Di Ana-Marcela Montanaro [1].
In Costa Rica, la letalità della violenza femminicida è in aumento, sia per la sua frequenza che per la sua brutalità. La violenza femminicida non è solo un prodotto del patriarcato senza cognomi; la violenza femminicida è un problema legato al mix letale e intrecciato di patriarcato, avanzamento delle politiche neoliberali e diverse espressioni della colonialità. La violenza femminicida distrugge la vita delle donne, soprattutto di quelle più impoverite materialmente e simbolicamente; ci espropria dei nostri corpi-territori e ci uccide.

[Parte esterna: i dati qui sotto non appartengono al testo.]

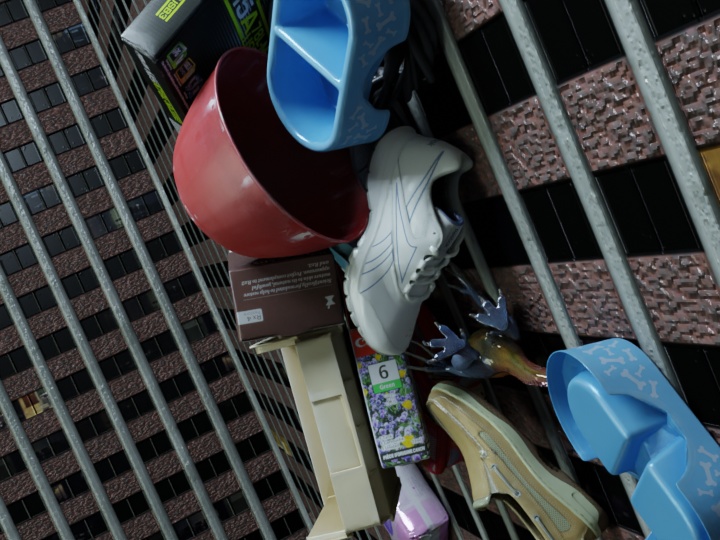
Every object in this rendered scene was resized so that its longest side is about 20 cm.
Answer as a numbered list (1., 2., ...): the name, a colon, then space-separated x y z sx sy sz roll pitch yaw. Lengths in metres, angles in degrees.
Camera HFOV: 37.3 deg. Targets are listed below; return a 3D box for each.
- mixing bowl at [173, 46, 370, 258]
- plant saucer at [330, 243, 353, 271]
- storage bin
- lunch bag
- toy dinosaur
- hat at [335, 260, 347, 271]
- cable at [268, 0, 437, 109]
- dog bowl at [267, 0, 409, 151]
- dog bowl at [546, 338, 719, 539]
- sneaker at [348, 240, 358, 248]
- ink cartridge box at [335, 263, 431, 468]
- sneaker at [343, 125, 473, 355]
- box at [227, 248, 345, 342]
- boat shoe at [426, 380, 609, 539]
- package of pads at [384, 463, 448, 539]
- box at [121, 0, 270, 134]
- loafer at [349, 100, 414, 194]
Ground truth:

Un gruppo di organizzazioni e attivisti ha presentato un documento in cui si chiede che l’INAMU dichiari l’emergenza nazionale a causa dell’aumento dei femminicidi e che le risorse e le politiche siano prioritarie. Inoltre, chiedono che il ministro si impegni per le donne, agisca in modo indipendente e non come strumento dell’esecutivo. Che lo Stato si assuma la responsabilità e garantisca la protezione delle donne.
L’aumento dei femminicidi in Costa Rica non è solo responsabilità di un’istituzione, né di Cindy Quesada, l’attuale ministro per lo Status delle donne, che lavora a stretto contatto con la presidente dell’Istituto nazionale delle donne (INAMU), Yerlin Zúñiga Céspedes.
L’INAMU, né prima né ora, ha cercato trasformazioni femministe strutturali, ma piuttosto, fin dalla sua creazione nel 1998, ha messo in atto delle pezze d’assistenza nel quadro del neoliberismo creolo e dei mandati delle organizzazioni finanziarie internazionali, limitando la sua capacità di generare trasformazioni femministe strutturali.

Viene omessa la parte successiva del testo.